Troubleshooting¶
TypeError: embedding(): argument 'indices' (position 2) must be Tensor, not BatchEncoding¶
You're on a transformers version that leaves a BatchEncoding wrapper after
.to(device). generation.py already extracts input_ids defensively — pull
main and re-run.
Frontend says "trace failed schema validation"¶
Expand the Show N validation issues block on the error banner to see the exact JSON-Pointer path the validator rejected. The most common causes:
- A producer emitting an older trace shape (e.g. parallel
top_k_token_idsarrays insidelogit_lensinstead of a flattop_karray of candidates). Update the producer to useserialize_trace_to_json; seeschema.md. - A float overshoot like
top_mass_used: 1.0000001. The current serializer clamps to[0, 1]at the JSON boundary; if you're producing JSON by hand, do the same.
Attention tab shows "trace generated without --capture-attention"¶
The frontend gates that tab on the top-level attention_metadata block. If
you're using the CLI, pass --capture-attention. If you're writing the JSON
yourself, build an AttentionMetadata dict from the probe's
num_attention_heads, num_key_value_heads, head_dim, and
target_layers and pass it into serialize_trace_to_json instead of None.

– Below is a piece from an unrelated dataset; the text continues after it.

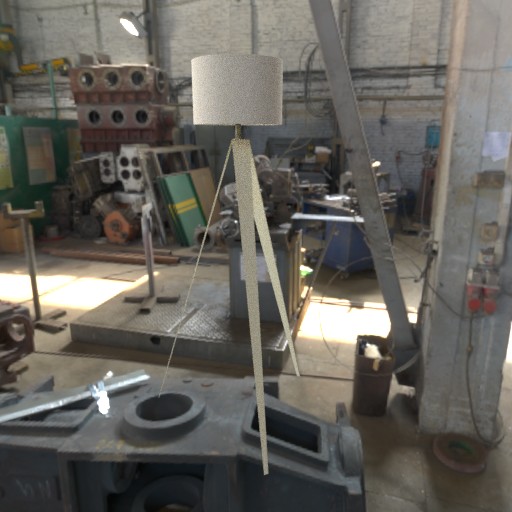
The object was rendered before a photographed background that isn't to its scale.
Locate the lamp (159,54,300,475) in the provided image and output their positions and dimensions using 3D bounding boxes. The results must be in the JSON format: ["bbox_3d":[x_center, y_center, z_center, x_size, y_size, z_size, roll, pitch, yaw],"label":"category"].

examples/qwen_attention_inspect.py
does this end-to-end.
Gated model (e.g. Llama) returns 401¶
export HUGGINGFACE_HUB_TOKEN=hf_...
…and retry.
CLI generation takes minutes on first run for a new model¶
That's the HuggingFace download. Subsequent runs hit the on-disk cache
(~/.cache/huggingface by default; override with HF_HOME) and are fast.
Heatmap is huge / unreadable for long generations¶
Use the step-range slider in the SPA, or pass --max-new-tokens lower on the
CLI, or only render source="raw" in the matplotlib plot.
Frontend always shows the bundled sample after I drop a file¶
Fixed: the landing page now seeds the trace store with the loaded trace and
routes to /trace/uploaded (or /trace/uploaded-csv) instead of
/trace/sample. Pull main and re-run.